A 24-hour London bus strike has seen many people turn to their cars to get to work today, and London's roads aren't free-flowing at the best of times. Tom Rutherford takes a look at roads and car ownership in Britain in our continuing series of extracts from the upcoming book, Olympic Britain, showing through statistics the changing face of Britain since the previous London Olympics of 1908 and 1948.
The mass production of the Model-T Ford from 1908 is often viewed as the dawn of the motorised society. However, the beginning of mass motoring in Britain was perhaps best signalled by the opening of the M1, the first full-length motorway, 50 years’ later.
The road network in 1914 was only 28% shorter than it is today, but no official attention was paid to the state of roads in Britain until after the First World War. The first dedicated Roads Department of the Ministry of Transport was created in 1919, and over the next decade, roads were systematically surveyed and a ‘Road Fund’ established to provide finance for the repair of particularly bad stretches.
Private car ownership grew slowly until after the Second World War, but accelerated following the end of petrol rationing. By the late 1950s car travel had become the preferred mode transportation. Congestion was a recognised issue by the early 1960s, but the widely accepted solution was to build more roads.

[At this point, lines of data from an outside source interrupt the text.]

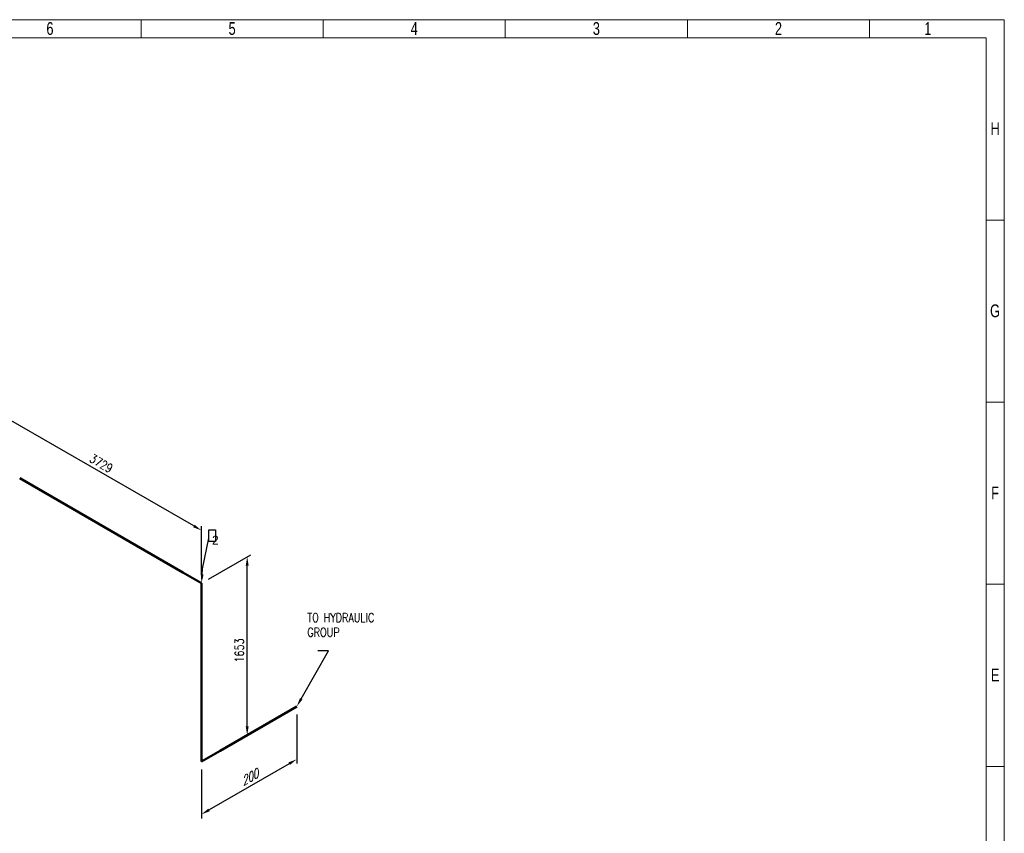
# Model space of a CAD drawing. Header units: millimetres. Extents: x 0 to 594, y 0 to 424.
# Tile 14 of 14: x 314 to 594, y 193 to 424. Entities that reach past the tile are written whole.
import ezdxf
from ezdxf import colors
from ezdxf.entities.mleader import LeaderData, LeaderLine
from ezdxf.enums import TextEntityAlignment as Align
from ezdxf.math import Vec2, Vec3

# ---------------------------------------------------------------- set-up
doc = ezdxf.new("R2018")
doc.units = ezdxf.units.MM
doc.header["$LTSCALE"] = 0.25
doc.set_wipeout_variables(frame=1)
doc.layers.add('Annotation', color=7, linetype='Continuous')
doc.layers.add('Dimension', color=1, linetype='Continuous')
doc.layers.add('Pipe Small Bore', color=30, linetype='Continuous', lineweight=50)
doc.styles.add('AdskIsoAnnotation', font='romans.shx', dxfattribs={"width": 0.8, "height": 1})
doc.styles.add('AdskIsoMetric', font='romans.shx', dxfattribs={"width": 0.8, "height": 2.5})
doc.styles.add('AdskIsoMetric-30', font='romans.shx', dxfattribs={"width": 0.8, "height": 2.5})
doc.styles.add('AdskIsoMetric30', font='romans.shx', dxfattribs={"width": 0.8, "oblique": 30, "height": 2.5})
doc.styles.add('SLDTEXTSTYLE3', font='TXT', dxfattribs={"width": 0.75})
doc.styles.get("Standard").update_dxf_attribs({"font": 'arial.ttf'})
doc.dimstyles.new('AdskIsoMetric', dxfattribs={"dimtxt": 2.5, "dimasz": 2.5, "dimexe": 1, "dimexo": 2, "dimgap": 0.8, "dimtad": 1, "dimdec": 0, "dimrnd": 1, "dimzin": 0, "dimdsep": 46, "dimtxsty": 'AdskIsoMetric', "dimcen": 0, "dimclrt": 7, "dimadec": 0, "dimazin": 0, "dimtfac": 1, "dimtdec": 0, "dimtmove": 1, "dimatfit": 3, "dimfxl": 1, "dimtfill": 1, "dimfrac": 2, "dimtolj": 1, "dimtzin": 0, "dimarcsym": 0})

# ---------------------------------------------------------------- blocks, each defined once
blk = doc.blocks.new('*D16')
at = {"layer": 'Defpoints', "color": 0, "transparency": 16777216}
for p in [(393, 229.18), (365.92, 213.54), (365.92, 198.54)]:
    blk.add_point(p, dxfattribs=at)
at = {"layer": 'Dimension', "color": 0, "lineweight": -2, "transparency": 16777216}
for p, q in [((393, 226.87), (393, 213.02)), ((390.84, 212.93), (368.09, 199.79)), ((365.92, 211.24), (365.92, 197.39))]:
    blk.add_line(p, q, dxfattribs=at)
at = {"layer": 'Dimension', "color": 0, "transparency": 16777216}
for points in [[(390.63, 213.29), (391.04, 212.57), (393, 214.18)], [(367.88, 200.16), (368.29, 199.43), (365.92, 198.54)]]:
    blk.add_solid(points, dxfattribs=at)
at = {"layer": 'Dimension', "color": 7, "transparency": 16777216, "insert": (379.46, 208.95), "char_height": 2.5, "attachment_point": 5, "rotation": 30, "style": 'AdskIsoMetric30', "bg_fill": 3, "box_fill_scale": 1.1, "bg_fill_color": 256, "bg_fill_true_color": 13158600, "bg_fill_transparency": 0}
blk.add_mtext('\\A1;200', dxfattribs=at)
blk = doc.blocks.new('*D17')
at = {"layer": 'Defpoints', "color": 0, "transparency": 16777216}
for p in [(378.91, 271.7), (365.92, 264.2), (365.92, 213.54)]:
    blk.add_point(p, dxfattribs=at)
at = {"layer": 'Dimension', "color": 0, "lineweight": -2, "transparency": 16777216}
for p, q in [((367.92, 265.36), (379.91, 272.28)), ((378.91, 223.54), (378.91, 269.2))]:
    blk.add_line(p, q, dxfattribs=at)
at = {"layer": 'Dimension', "color": 0, "transparency": 16777216}
for points in [[(378.49, 269.2), (379.33, 269.2), (378.91, 271.7)], [(378.49, 223.54), (379.33, 223.54), (378.91, 221.04)]]:
    blk.add_solid(points, dxfattribs=at)
at = {"layer": 'Dimension', "color": 7, "transparency": 16777216, "insert": (376.67, 245.08), "char_height": 2.5, "attachment_point": 5, "rotation": 90, "style": 'AdskIsoMetric-30', "bg_fill": 3, "box_fill_scale": 1.1, "bg_fill_color": 256, "bg_fill_true_color": 13158600, "bg_fill_transparency": 0}
blk.add_mtext('\\A1;1653', dxfattribs=at)
blk = doc.blocks.new('*D18')
at = {"layer": 'Defpoints', "color": 0, "transparency": 16777216}
for p in [(308.97, 312.08), (308.97, 297.08), (365.92, 264.2)]:
    blk.add_point(p, dxfattribs=at)
at = {"layer": 'Dimension', "color": 0, "lineweight": -2, "transparency": 16777216}
for p, q in [((308.97, 299.39), (308.97, 313.23)), ((363.76, 280.45), (311.14, 310.83)), ((365.92, 266.51), (365.92, 280.36))]:
    blk.add_line(p, q, dxfattribs=at)
at = {"layer": 'Dimension', "color": 0, "transparency": 16777216}
for points in [[(311.35, 311.19), (310.93, 310.47), (308.97, 312.08)], [(363.96, 280.81), (363.55, 280.09), (365.92, 279.2)]]:
    blk.add_solid(points, dxfattribs=at)
at = {"layer": 'Dimension', "color": 7, "transparency": 16777216, "insert": (337.45, 298.23), "char_height": 2.5, "attachment_point": 5, "rotation": 330, "style": 'AdskIsoMetric-30', "bg_fill": 3, "box_fill_scale": 1.1, "bg_fill_color": 256, "bg_fill_true_color": 13158600, "bg_fill_transparency": 0}
blk.add_mtext('\\A1;3729', dxfattribs=at)
blk = doc.blocks.new('Elbow-5-Iso2DSkew90')
at = {"color": 0, "linetype": 'ByBlock', "lineweight": -2, "extrusion": (-0.707107, 0.408248, -0.57735)}
for p, q in [((0, 0), (0, 6.12)), ((5.3, 3.06), (0, 0)), ((0, 0), (0, 0))]:
    blk.add_line(p, q, dxfattribs=at)
blk = doc.blocks.new('Elbow-1-Iso2DSkew0')
at = {"color": 0, "linetype": 'ByBlock', "lineweight": -2, "extrusion": (-0.707107, -0.408248, 0.57735)}
for p, q in [((0, 0), (-5.3, 3.06)), ((0, 0), (0, 0)), ((0, -6.12), (0, 0))]:
    blk.add_line(p, q, dxfattribs=at)
blk = doc.blocks.new('AnnoRect')
at = {"color": 0, "linetype": 'ByBlock', "lineweight": -2}
blk.add_wipeout([(-0.81, -0.6), (-0.81, 0.6), (0.81, 0.6), (0.81, -0.6)], dxfattribs=at)
blk.add_lwpolyline([(-0.81, -0.6), (-0.81, 0.6), (0.81, 0.6), (0.81, -0.6)], close=True, dxfattribs=at)
at = {"color": 0, "linetype": 'ByBlock', "lineweight": -2, "width": 0.8, "flags": 106}
blk.add_attdef('XX', text='', height=1, dxfattribs=at).set_placement((0, 0), align=Align.MIDDLE_CENTER)
blk = doc.blocks.new('cajetin')
at = {"color": 7, "linetype": 'Continuous', "lineweight": 18}
for p, q in [((0, 615), (861, 615)), ((505.5, 607.5), (505.5, 615)), ((580.5, 607.5), (580.5, 615)), ((655.5, 607.5), (655.5, 615)), ((730.5, 607.5), (730.5, 615)), ((805.5, 607.5), (805.5, 615)), ((861, 615), (861, 0)), ((7.5, 607.5), (853.5, 607.5)), ((853.5, 607.5), (853.5, 7.5)), ((853.5, 532.5), (861, 532.5)), ((853.5, 457.5), (861, 457.5)), ((853.5, 382.5), (861, 382.5)), ((853.5, 307.5), (861, 307.5)), ((853.5, 307.5), (853.5, 307.5))]:
    blk.add_line(p, q, dxfattribs=at)
at = {"color": 7, "linetype": 'Continuous', "lineweight": 0, "char_height": 5.25, "attachment_point": 2, "style": 'SLDTEXTSTYLE3'}
for s, insert in [('6', (468.01, 613.99)), ('5', (543.01, 613.99)), ('4', (618.01, 613.99)), ('3', (693.01, 613.99)), ('2', (768.01, 613.99)), ('1', (829.51, 613.99)), ('H', (857.25, 572.74)), ('G', (857.18, 497.74)), ('F', (857.21, 422.74)), ('E', (857.24, 347.74))]:
    blk.add_mtext(s, dxfattribs=dict(at, insert=insert))

msp = doc.modelspace()

# ---------------------------------------------------------------- leaders
at = {"layer": 'Annotation'}
ml = msp.add_multileader_mtext('Standard', dxfattribs=at)
ml.set_content('')
ml.set_leader_properties()
ml.build(insert=Vec2(0, 0))
ml.multileader.update_dxf_attribs({"dogleg_length": 0, "arrow_head_size": 2.5})
ctx = ml.context
ctx.base_point, ctx.arrow_head_size = Vec3(368, 277), 2.5
notes = []
notes.append((ctx, [(0, (1, 1, 0), (368, 277), (-1, 0), 0, [(0, [(365.9206, 264.2011), (366.249, 268.2704)], 0, [])])]))
ctx.mtext, ml.multileader.dxf.content_type = None, 0
ml = msp.add_multileader_mtext('Standard', dxfattribs=at)
ml.set_content('')
ml.set_leader_properties()
ml.build(insert=Vec2(0, 0))
ml.multileader.update_dxf_attribs({"dogleg_length": 3.0619, "arrow_head_size": 2.5})
ctx = ml.context
ctx.base_point, ctx.arrow_head_size = Vec3(398.9381, 245), 2.5
notes.append((ctx, [(0, (1, 1, 0), (402, 245), (-1, 0), 3.0619, [(0, [(393.0001, 229.1793)], 0, [])])]))
ctx.mtext, ml.multileader.dxf.content_type = None, 0
for ctx, leaders in notes:
    for number, flags, end, landing, length, lines in leaders:
        leader = LeaderData()
        leader.index, (leader.has_last_leader_line, leader.has_dogleg_vector, leader.attachment_direction) = number, flags
        leader.last_leader_point, leader.dogleg_vector, leader.dogleg_length = Vec3(end), Vec3(landing), length
        for number, points, colour, breaks in lines:
            line = LeaderLine()
            line.index, line.vertices, line.color, line.breaks = number, Vec3.list(points), colors.encode_raw_color(colour), breaks
            leader.lines.append(line)
        ctx.leaders.append(leader)

# ---------------------------------------------------------------- next in the draw order: block references
ref = msp.add_blockref('AnnoRect', (368.9375, 277.6875), dxfattribs=dict(at, xscale=1.158088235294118, yscale=2.8125, zscale=2.5))
lines = msp.add_mtext('2', dxfattribs={"layer": '0', "color": 0, "linetype": 'ByBlock', "lineweight": -2, "insert": (368.9375, 277.6875), "char_height": 2.5, "attachment_point": 1})
ref.add_attrib('XX', '', (368.9375, 277.6875), dxfattribs={"flags": 104}).embed_mtext(lines)

# ---------------------------------------------------------------- next in the draw order: dimensions: what is measured, and where the dimension line sits
at = {"layer": 'Dimension'}
dim = msp.add_linear_dim(base=(365.9206, 198.5449), p1=(393.0001, 229.1793), p2=(365.9206, 213.5449), angle=210, text='200', dimstyle='AdskIsoMetric', override={"dimtad": 0, "dimlfac": 6.396174, "dimtxsty": 'AdskIsoMetric30', "dimse1": 0, "dimse2": 0, "dimsd1": 0, "dimsd2": 0, "dimtmove": 1}, dxfattribs=at)
dim.commit()
dim.dimension.update_dxf_attribs({"geometry": '*D16', "text_midpoint": (379.4604, 208.9485), "dimtype": 160})

# ---------------------------------------------------------------- next in the draw order: dimensions: what is measured, and where the dimension line sits
dim = msp.add_linear_dim(base=(378.911, 271.7011), p1=(365.9206, 213.5449), p2=(365.9206, 264.2011), angle=90, text='1653', dimstyle='AdskIsoMetric', override={"dimtad": 0, "dimlfac": 32.638362, "dimtxsty": 'AdskIsoMetric-30', "dimse1": 1, "dimse2": 0, "dimsd1": 0, "dimsd2": 0, "dimtmove": 1}, dxfattribs=at)
dim.commit()
dim.dimension.update_dxf_attribs({"geometry": '*D17', "text_midpoint": (376.6712, 245.0798), "dimtype": 160})

# ---------------------------------------------------------------- next in the draw order: linework, layer by layer
at = {"layer": 'Pipe Small Bore'}
for points in [[(365.9206, 219.6687), (365.9206, 258.0774)], [(393.0001, 229.1793), (371.2239, 216.6068)]]:
    msp.add_lwpolyline(points, dxfattribs=at)

# ---------------------------------------------------------------- next in the draw order: block references
msp.add_blockref('Elbow-5-Iso2DSkew90', (365.9206, 213.5449), dxfattribs=at)

# ---------------------------------------------------------------- next in the draw order: dimensions: what is measured, and where the dimension line sits
at = {"layer": 'Dimension'}
dim = msp.add_linear_dim(base=(308.9725, 312.0801), p1=(365.9206, 264.2011), p2=(308.9725, 297.0801), angle=150, text='3729', dimstyle='AdskIsoMetric', override={"dimtad": 0, "dimlfac": 56.714705, "dimtxsty": 'AdskIsoMetric-30', "dimse1": 0, "dimse2": 0, "dimsd1": 0, "dimsd2": 0, "dimtmove": 1}, dxfattribs=at)
dim.commit()
dim.dimension.update_dxf_attribs({"geometry": '*D18', "text_midpoint": (337.4466, 298.227), "dimtype": 160})

# ---------------------------------------------------------------- next in the draw order: linework, layer by layer
at = {"layer": 'Pipe Small Bore'}
msp.add_lwpolyline([(360.6173, 267.263), (314.2758, 294.0183)], dxfattribs=at)

# ---------------------------------------------------------------- next in the draw order: block references
at = {"xscale": 0.689895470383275, "yscale": 0.689895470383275, "zscale": 0.689895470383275}
msp.add_blockref('cajetin', (0, 0), dxfattribs=at)
at = {"layer": 'Pipe Small Bore'}
msp.add_blockref('Elbow-1-Iso2DSkew0', (365.9206, 264.2011), dxfattribs=at)

# ---------------------------------------------------------------- next in the draw order: texts
at = {"layer": 'Annotation', "insert": (396, 249), "char_height": 2.5, "width": 33.428571, "attachment_point": 7, "style": 'AdskIsoAnnotation', "bg_fill": 3, "box_fill_scale": 1, "bg_fill_color": 256, "bg_fill_true_color": 13158600, "bg_fill_transparency": 0}
msp.add_mtext('TO HYDRAULIC\\PGROUP', dxfattribs=at)

doc.saveas('drawing.dxf')

This changed in 1963 with the publication of the Buchanan Report – Traffic in Towns. For the first time, the fact of unrestrained car ownership growth was factored into town planning and urban design. The radial design of roads around towns, without heavily restricting access to town centres has been the norm since then and is perhaps best symbolised by the M25, completed in 1986.
Various subtle modifications have been made to the model of congestion control in Britain since Buchanan, including the introduction of parking charges in cities in the early 1970s and the pedestrianisation of some town centres. Congestion charging was introduced in London in the 2003, but this has not been widely adopted.
In 1923, there were five cars for every kilometre of major road; today, the figure is five-hundred, though the quality of the road network is vastly improved. The chart shows the number of licensed private cars and the length of major roads (motorways plus A and B-roads) in Great Britain.
Note: Minor revision was made to the length of major roads from 1992 onwards.